(The data):
+ + + +

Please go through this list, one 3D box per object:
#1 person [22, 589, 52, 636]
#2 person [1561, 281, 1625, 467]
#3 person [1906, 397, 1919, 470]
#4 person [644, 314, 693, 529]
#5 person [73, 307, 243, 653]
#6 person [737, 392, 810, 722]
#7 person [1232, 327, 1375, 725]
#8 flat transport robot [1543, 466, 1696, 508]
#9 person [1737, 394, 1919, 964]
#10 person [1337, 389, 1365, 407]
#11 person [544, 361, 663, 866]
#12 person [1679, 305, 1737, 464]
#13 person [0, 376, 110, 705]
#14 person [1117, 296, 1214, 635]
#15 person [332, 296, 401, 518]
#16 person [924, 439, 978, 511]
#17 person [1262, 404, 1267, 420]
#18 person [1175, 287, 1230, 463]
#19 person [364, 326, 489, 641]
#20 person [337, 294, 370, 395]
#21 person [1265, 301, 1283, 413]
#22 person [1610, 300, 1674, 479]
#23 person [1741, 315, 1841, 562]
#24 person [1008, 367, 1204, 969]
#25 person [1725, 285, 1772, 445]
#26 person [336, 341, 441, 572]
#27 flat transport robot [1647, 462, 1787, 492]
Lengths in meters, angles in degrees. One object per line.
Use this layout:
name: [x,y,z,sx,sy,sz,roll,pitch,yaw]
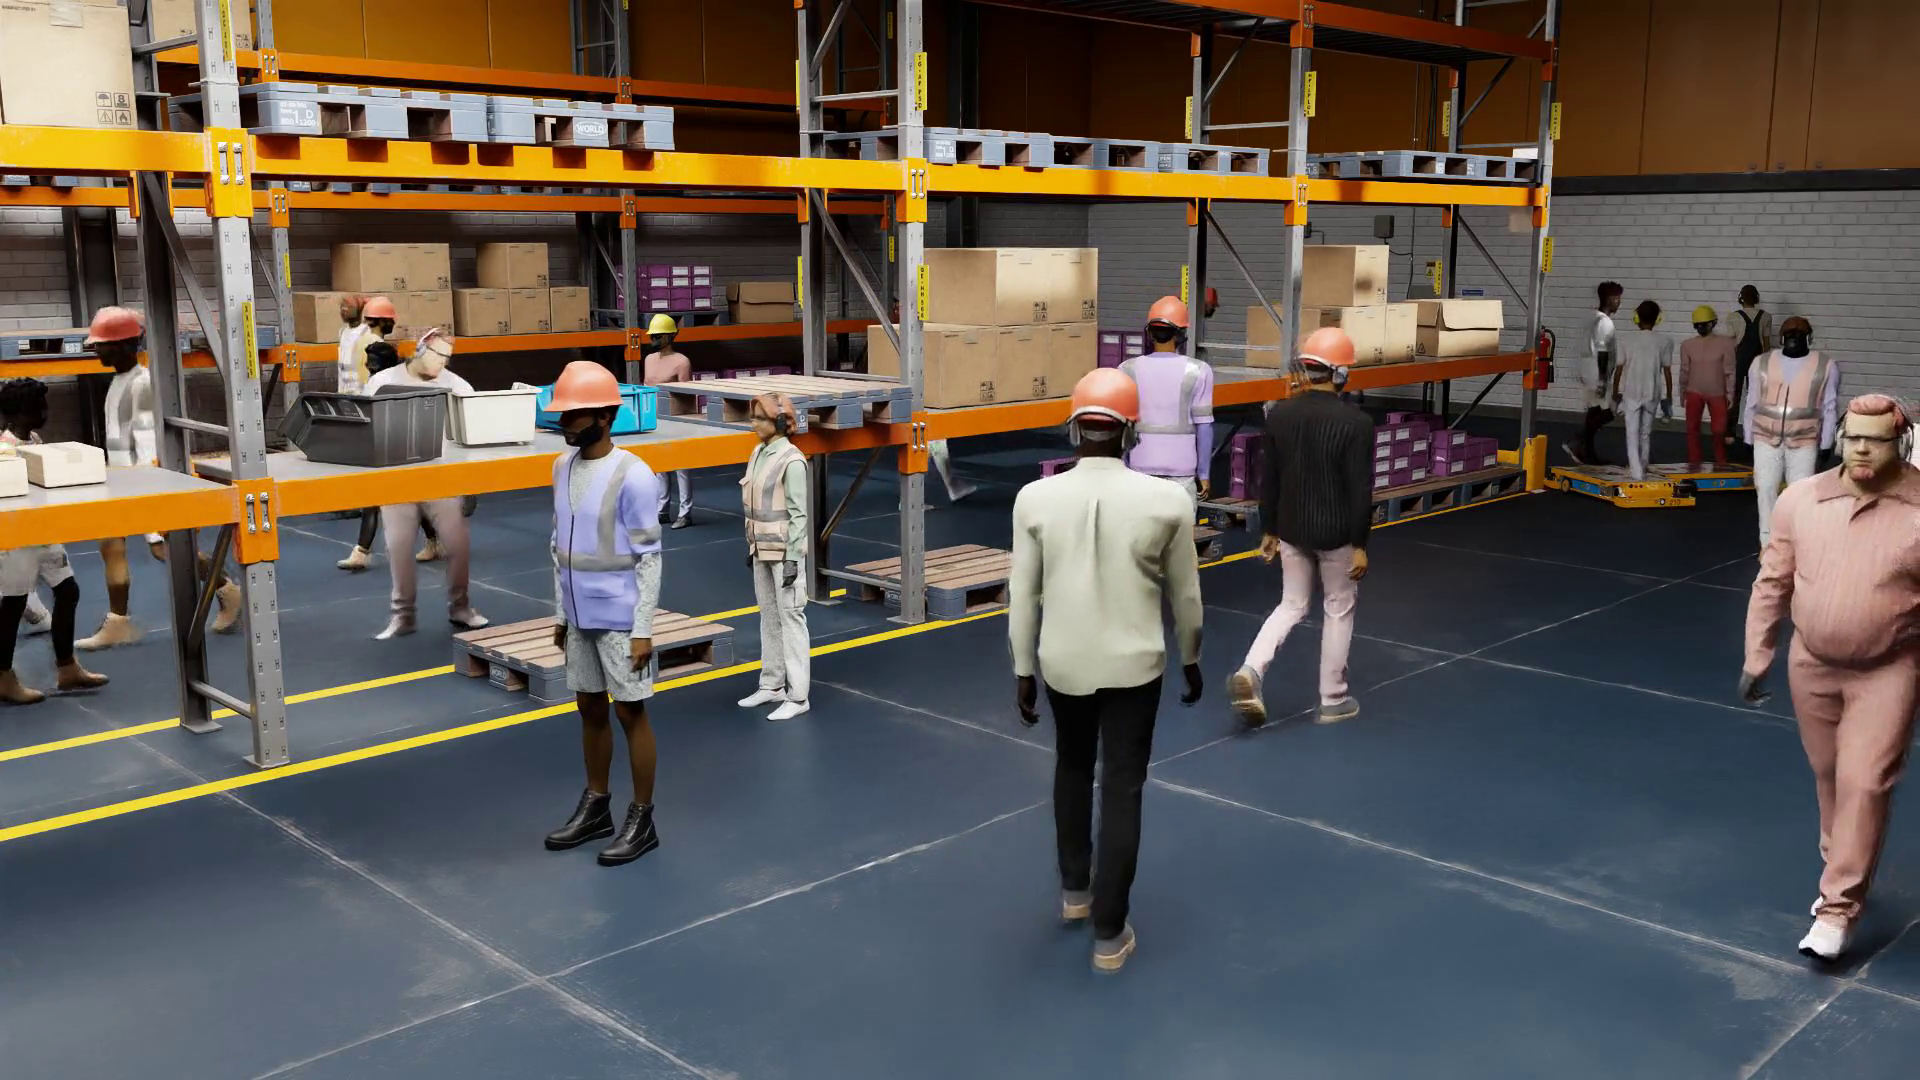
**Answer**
person: [-5.742,-0.197,9.896,0.791,1.606,0.533,-8,13,-38]
person: [6.560,-1.698,17.175,0.492,1.944,0.607,1,10,4]
person: [5.303,-0.068,9.109,0.522,1.638,0.311,10,14,43]
person: [-2.409,-0.969,13.679,0.524,1.769,0.326,8,13,36]
person: [-4.722,-0.365,9.748,0.946,2.007,0.610,-9,14,-40]
person: [-0.918,0.076,8.325,0.307,1.641,0.513,-7,12,-33]
person: [1.687,-0.039,8.050,0.783,1.973,0.621,-10,14,-43]
flat transport robot: [6.009,-0.503,15.218,0.652,0.197,1.431,-2,11,-11]
person: [2.954,0.455,5.600,0.915,1.869,0.669,-9,14,-40]
person: [3.660,-1.519,16.429,0.995,1.861,0.660,-8,13,-36]
person: [-1.382,0.282,6.383,0.547,1.939,0.376,8,13,38]
person: [7.350,-1.444,16.342,0.541,1.735,0.623,8,13,38]
person: [-4.746,0.004,8.556,0.594,1.679,0.560,-1,10,-8]
person: [1.229,-0.444,10.057,0.609,2.044,0.394,4,11,19]
person: [-4.992,-1.126,14.192,0.971,1.899,0.557,-9,14,-39]
person: [-0.142,-1.197,14.601,0.956,1.879,0.591,-7,12,-33]
person: [4.022,-2.180,20.733,0.504,1.609,0.713,-7,13,-34]
person: [2.444,-1.733,17.596,1.028,1.851,0.552,4,11,22]
person: [-3.217,-0.335,9.958,0.724,1.879,0.453,-2,11,-10]
person: [-5.756,-1.455,16.105,0.874,1.858,0.579,-10,14,-43]
person: [3.305,-1.618,17.331,0.511,1.723,0.527,9,14,41]
person: [6.229,-1.270,15.176,0.507,1.830,0.874,2,11,9]
person: [6.149,-0.755,12.355,0.631,1.826,0.604,7,12,33]
person: [0.511,0.403,5.655,0.633,1.968,0.782,3,11,16]
person: [9.044,-2.013,19.166,0.503,1.843,0.346,1,10,6]
person: [-4.121,-0.604,11.996,0.549,1.646,0.865,6,12,28]
flat transport robot: [6.972,-0.586,15.667,1.431,0.197,0.652,-2,11,-11]
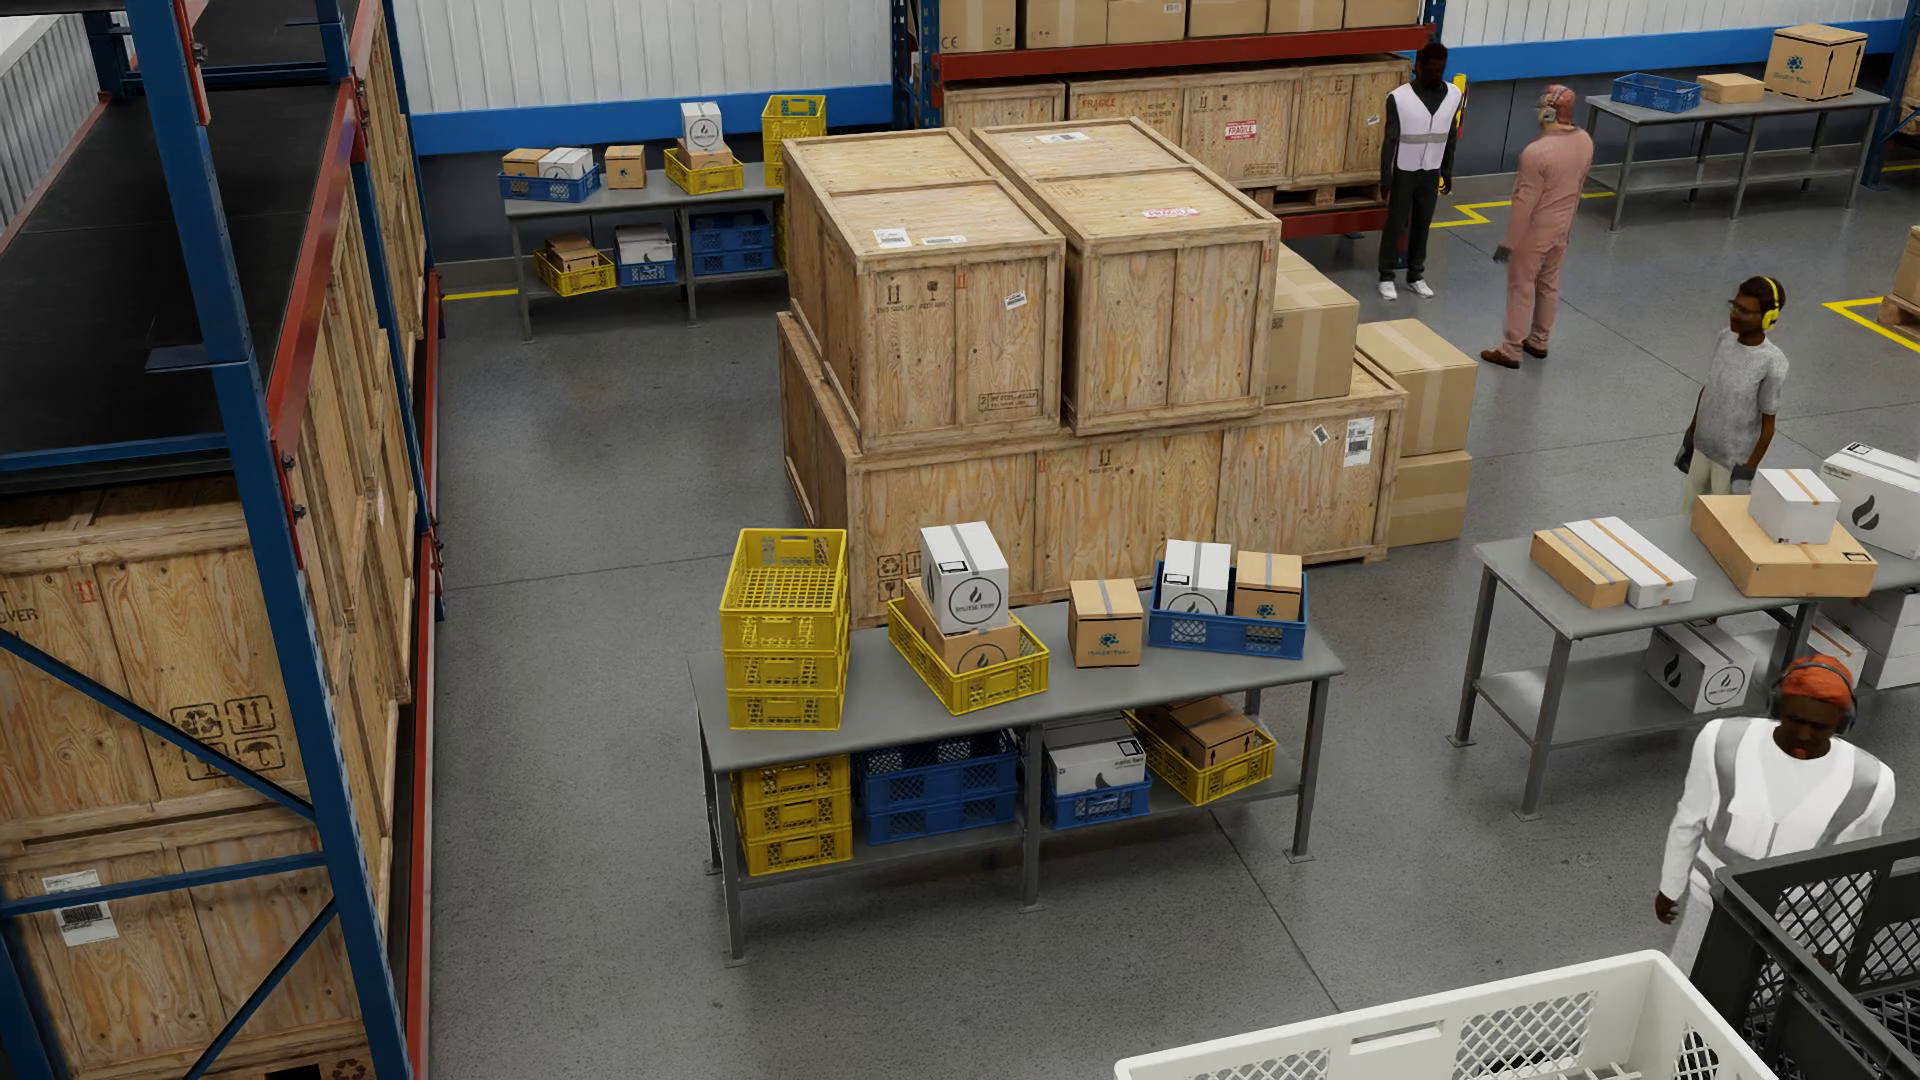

+ + + +

(Action item): Your answer must be an exact repeat of all the records, minus the pictures.

(Solution for this task):
Please go through this list, one 3D box per object:
#1 person [22, 589, 52, 636]
#2 person [1561, 281, 1625, 467]
#3 person [1906, 397, 1919, 470]
#4 person [644, 314, 693, 529]
#5 person [73, 307, 243, 653]
#6 person [737, 392, 810, 722]
#7 person [1232, 327, 1375, 725]
#8 flat transport robot [1543, 466, 1696, 508]
#9 person [1737, 394, 1919, 964]
#10 person [1337, 389, 1365, 407]
#11 person [544, 361, 663, 866]
#12 person [1679, 305, 1737, 464]
#13 person [0, 376, 110, 705]
#14 person [1117, 296, 1214, 635]
#15 person [332, 296, 401, 518]
#16 person [924, 439, 978, 511]
#17 person [1262, 404, 1267, 420]
#18 person [1175, 287, 1230, 463]
#19 person [364, 326, 489, 641]
#20 person [337, 294, 370, 395]
#21 person [1265, 301, 1283, 413]
#22 person [1610, 300, 1674, 479]
#23 person [1741, 315, 1841, 562]
#24 person [1008, 367, 1204, 969]
#25 person [1725, 285, 1772, 445]
#26 person [336, 341, 441, 572]
#27 flat transport robot [1647, 462, 1787, 492]
Lengths in meters, angles in degrees. One object per line.
Use this layout:
name: [x,y,z,sx,sy,sz,roll,pitch,yaw]
**Answer**
person: [-5.742,-0.197,9.896,0.791,1.606,0.533,-8,13,-38]
person: [6.560,-1.698,17.175,0.492,1.944,0.607,1,10,4]
person: [5.303,-0.068,9.109,0.522,1.638,0.311,10,14,43]
person: [-2.409,-0.969,13.679,0.524,1.769,0.326,8,13,36]
person: [-4.722,-0.365,9.748,0.946,2.007,0.610,-9,14,-40]
person: [-0.918,0.076,8.325,0.307,1.641,0.513,-7,12,-33]
person: [1.687,-0.039,8.050,0.783,1.973,0.621,-10,14,-43]
flat transport robot: [6.009,-0.503,15.218,0.652,0.197,1.431,-2,11,-11]
person: [2.954,0.455,5.600,0.915,1.869,0.669,-9,14,-40]
person: [3.660,-1.519,16.429,0.995,1.861,0.660,-8,13,-36]
person: [-1.382,0.282,6.383,0.547,1.939,0.376,8,13,38]
person: [7.350,-1.444,16.342,0.541,1.735,0.623,8,13,38]
person: [-4.746,0.004,8.556,0.594,1.679,0.560,-1,10,-8]
person: [1.229,-0.444,10.057,0.609,2.044,0.394,4,11,19]
person: [-4.992,-1.126,14.192,0.971,1.899,0.557,-9,14,-39]
person: [-0.142,-1.197,14.601,0.956,1.879,0.591,-7,12,-33]
person: [4.022,-2.180,20.733,0.504,1.609,0.713,-7,13,-34]
person: [2.444,-1.733,17.596,1.028,1.851,0.552,4,11,22]
person: [-3.217,-0.335,9.958,0.724,1.879,0.453,-2,11,-10]
person: [-5.756,-1.455,16.105,0.874,1.858,0.579,-10,14,-43]
person: [3.305,-1.618,17.331,0.511,1.723,0.527,9,14,41]
person: [6.229,-1.270,15.176,0.507,1.830,0.874,2,11,9]
person: [6.149,-0.755,12.355,0.631,1.826,0.604,7,12,33]
person: [0.511,0.403,5.655,0.633,1.968,0.782,3,11,16]
person: [9.044,-2.013,19.166,0.503,1.843,0.346,1,10,6]
person: [-4.121,-0.604,11.996,0.549,1.646,0.865,6,12,28]
flat transport robot: [6.972,-0.586,15.667,1.431,0.197,0.652,-2,11,-11]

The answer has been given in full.